(Supplied data Opens)

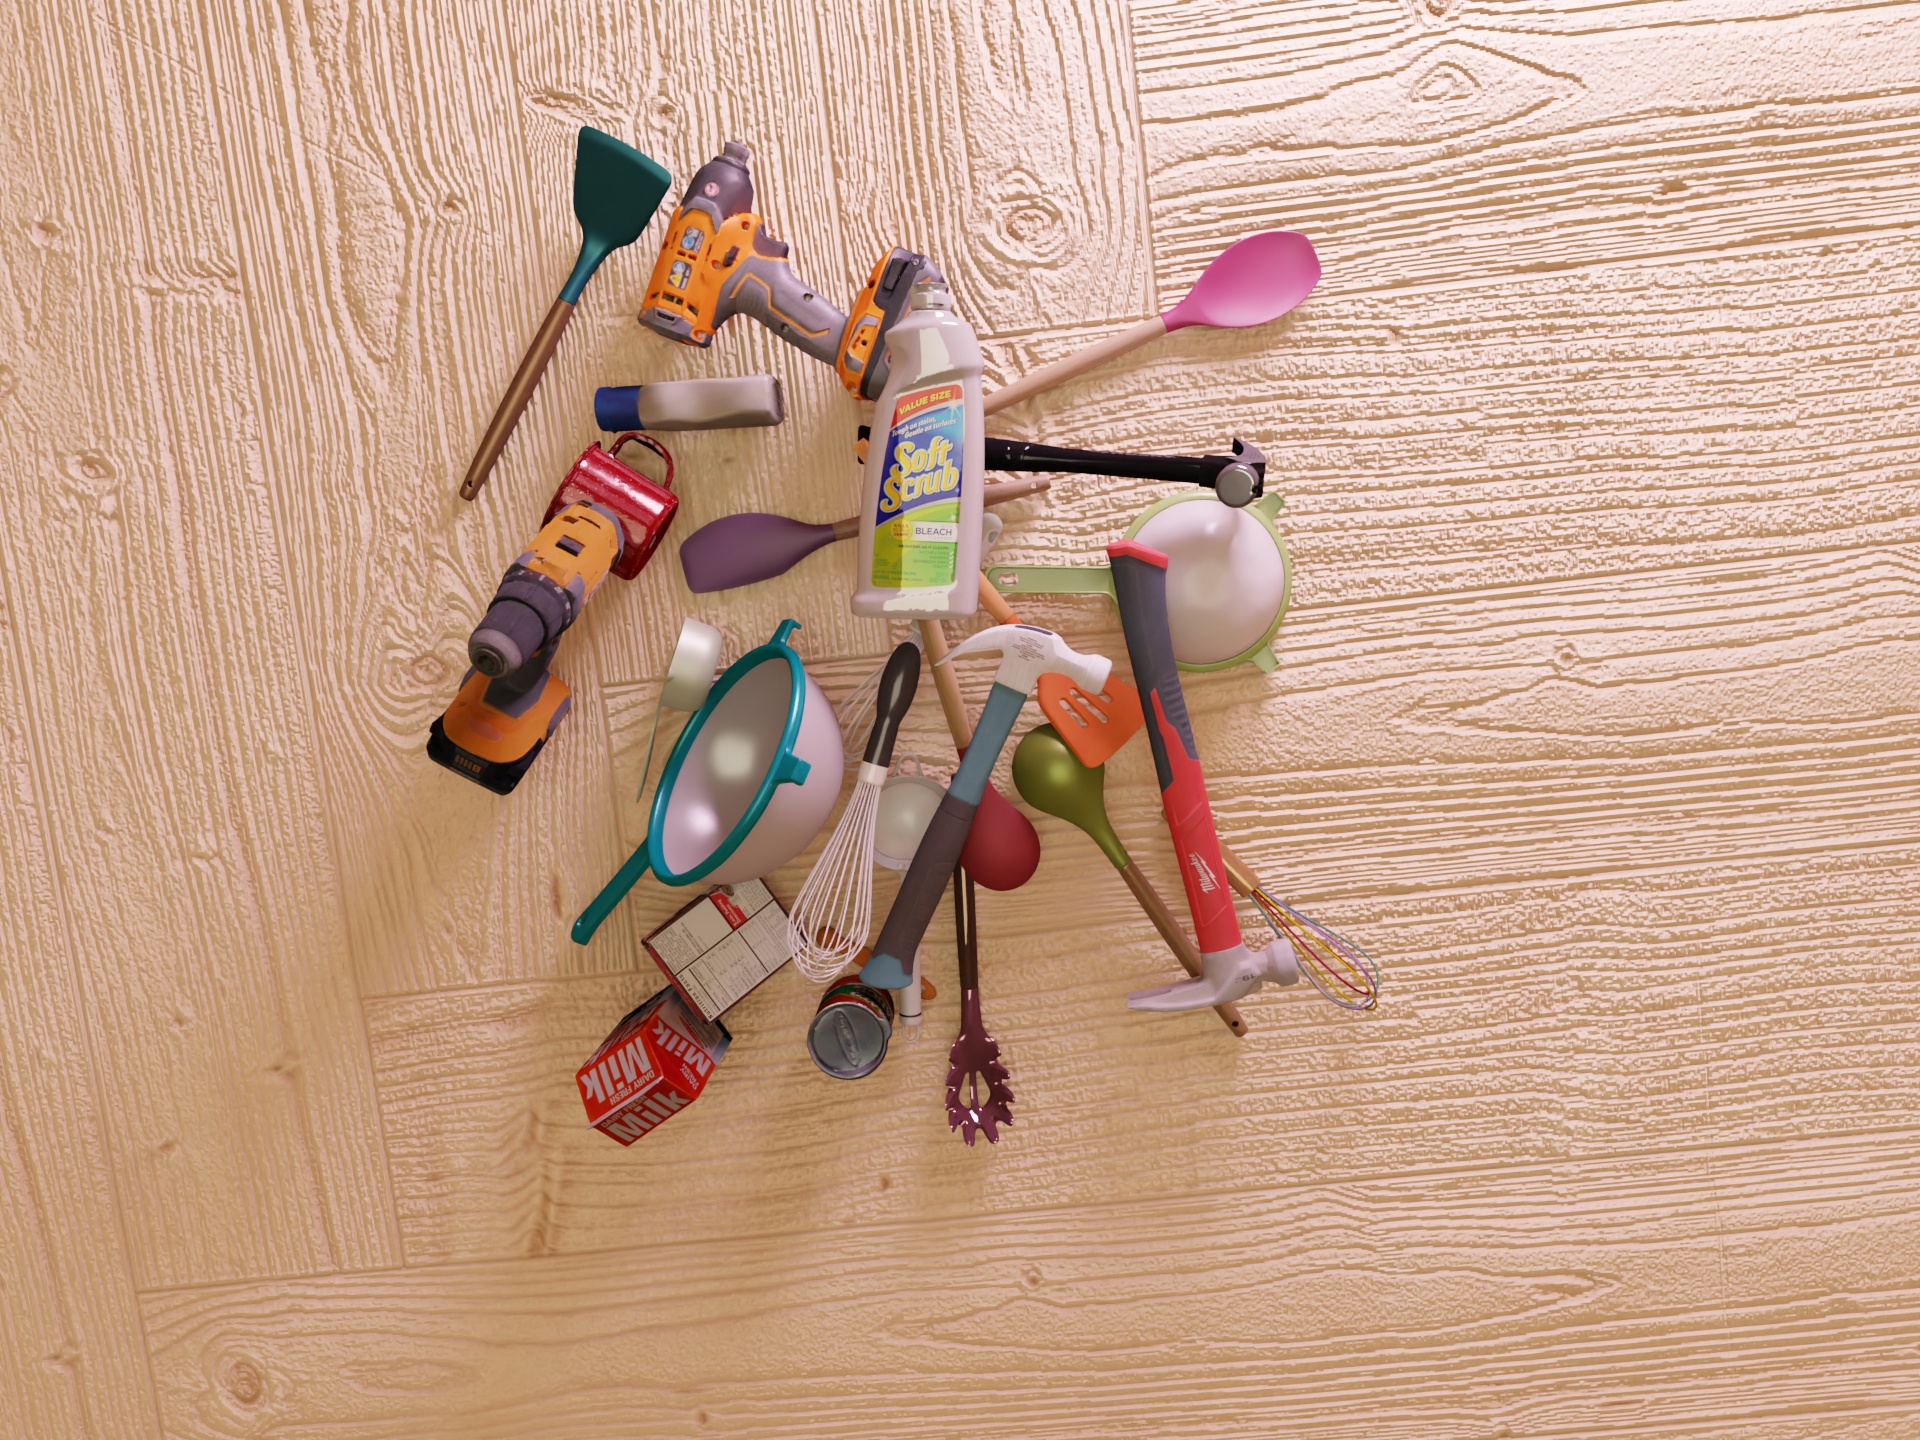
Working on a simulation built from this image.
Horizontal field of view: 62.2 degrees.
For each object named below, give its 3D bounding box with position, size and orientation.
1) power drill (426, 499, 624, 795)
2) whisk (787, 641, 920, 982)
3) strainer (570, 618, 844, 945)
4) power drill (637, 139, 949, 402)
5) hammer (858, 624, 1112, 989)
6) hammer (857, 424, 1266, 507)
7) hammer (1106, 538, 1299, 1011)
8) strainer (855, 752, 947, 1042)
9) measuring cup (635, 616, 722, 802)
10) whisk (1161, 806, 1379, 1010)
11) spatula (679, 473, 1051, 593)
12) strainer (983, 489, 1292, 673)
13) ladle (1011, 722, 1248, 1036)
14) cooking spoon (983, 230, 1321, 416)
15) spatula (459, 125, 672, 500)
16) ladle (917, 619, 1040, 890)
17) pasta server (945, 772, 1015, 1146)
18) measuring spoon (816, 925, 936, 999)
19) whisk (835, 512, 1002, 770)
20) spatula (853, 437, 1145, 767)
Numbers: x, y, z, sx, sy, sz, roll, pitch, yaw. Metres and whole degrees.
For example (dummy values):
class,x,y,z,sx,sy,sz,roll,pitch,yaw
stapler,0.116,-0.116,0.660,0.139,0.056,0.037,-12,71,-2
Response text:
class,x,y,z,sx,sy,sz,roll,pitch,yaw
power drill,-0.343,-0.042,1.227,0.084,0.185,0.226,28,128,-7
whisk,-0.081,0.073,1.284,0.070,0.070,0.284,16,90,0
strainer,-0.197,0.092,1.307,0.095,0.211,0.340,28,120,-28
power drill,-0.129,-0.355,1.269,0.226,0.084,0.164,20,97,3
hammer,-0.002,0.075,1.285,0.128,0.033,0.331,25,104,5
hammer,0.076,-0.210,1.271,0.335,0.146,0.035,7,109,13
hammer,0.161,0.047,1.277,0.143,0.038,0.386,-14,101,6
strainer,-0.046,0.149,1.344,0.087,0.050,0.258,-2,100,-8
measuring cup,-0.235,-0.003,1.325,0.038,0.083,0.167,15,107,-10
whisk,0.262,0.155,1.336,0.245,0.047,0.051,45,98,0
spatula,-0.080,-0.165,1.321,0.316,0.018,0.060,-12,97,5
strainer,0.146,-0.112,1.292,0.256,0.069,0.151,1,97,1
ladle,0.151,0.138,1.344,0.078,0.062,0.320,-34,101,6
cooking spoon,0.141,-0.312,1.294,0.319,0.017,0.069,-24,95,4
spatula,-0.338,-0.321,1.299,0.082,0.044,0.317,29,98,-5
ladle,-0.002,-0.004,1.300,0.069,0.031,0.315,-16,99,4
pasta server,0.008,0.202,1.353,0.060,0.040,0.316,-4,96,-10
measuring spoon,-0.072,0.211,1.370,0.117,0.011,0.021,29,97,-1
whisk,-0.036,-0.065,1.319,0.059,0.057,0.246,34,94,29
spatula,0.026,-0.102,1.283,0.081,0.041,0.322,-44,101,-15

(Supplied data Closes)

**About this task**
Repeat the whole listing above word for word, but keep any picture out of it.

**Written answer**
Working on a simulation built from this image.
Horizontal field of view: 62.2 degrees.
For each object named below, give its 3D bounding box with position, size and orientation.
1) power drill (426, 499, 624, 795)
2) whisk (787, 641, 920, 982)
3) strainer (570, 618, 844, 945)
4) power drill (637, 139, 949, 402)
5) hammer (858, 624, 1112, 989)
6) hammer (857, 424, 1266, 507)
7) hammer (1106, 538, 1299, 1011)
8) strainer (855, 752, 947, 1042)
9) measuring cup (635, 616, 722, 802)
10) whisk (1161, 806, 1379, 1010)
11) spatula (679, 473, 1051, 593)
12) strainer (983, 489, 1292, 673)
13) ladle (1011, 722, 1248, 1036)
14) cooking spoon (983, 230, 1321, 416)
15) spatula (459, 125, 672, 500)
16) ladle (917, 619, 1040, 890)
17) pasta server (945, 772, 1015, 1146)
18) measuring spoon (816, 925, 936, 999)
19) whisk (835, 512, 1002, 770)
20) spatula (853, 437, 1145, 767)
Numbers: x, y, z, sx, sy, sz, roll, pitch, yaw. Metres and whole degrees.
For example (dummy values):
class,x,y,z,sx,sy,sz,roll,pitch,yaw
stapler,0.116,-0.116,0.660,0.139,0.056,0.037,-12,71,-2
Response text:
class,x,y,z,sx,sy,sz,roll,pitch,yaw
power drill,-0.343,-0.042,1.227,0.084,0.185,0.226,28,128,-7
whisk,-0.081,0.073,1.284,0.070,0.070,0.284,16,90,0
strainer,-0.197,0.092,1.307,0.095,0.211,0.340,28,120,-28
power drill,-0.129,-0.355,1.269,0.226,0.084,0.164,20,97,3
hammer,-0.002,0.075,1.285,0.128,0.033,0.331,25,104,5
hammer,0.076,-0.210,1.271,0.335,0.146,0.035,7,109,13
hammer,0.161,0.047,1.277,0.143,0.038,0.386,-14,101,6
strainer,-0.046,0.149,1.344,0.087,0.050,0.258,-2,100,-8
measuring cup,-0.235,-0.003,1.325,0.038,0.083,0.167,15,107,-10
whisk,0.262,0.155,1.336,0.245,0.047,0.051,45,98,0
spatula,-0.080,-0.165,1.321,0.316,0.018,0.060,-12,97,5
strainer,0.146,-0.112,1.292,0.256,0.069,0.151,1,97,1
ladle,0.151,0.138,1.344,0.078,0.062,0.320,-34,101,6
cooking spoon,0.141,-0.312,1.294,0.319,0.017,0.069,-24,95,4
spatula,-0.338,-0.321,1.299,0.082,0.044,0.317,29,98,-5
ladle,-0.002,-0.004,1.300,0.069,0.031,0.315,-16,99,4
pasta server,0.008,0.202,1.353,0.060,0.040,0.316,-4,96,-10
measuring spoon,-0.072,0.211,1.370,0.117,0.011,0.021,29,97,-1
whisk,-0.036,-0.065,1.319,0.059,0.057,0.246,34,94,29
spatula,0.026,-0.102,1.283,0.081,0.041,0.322,-44,101,-15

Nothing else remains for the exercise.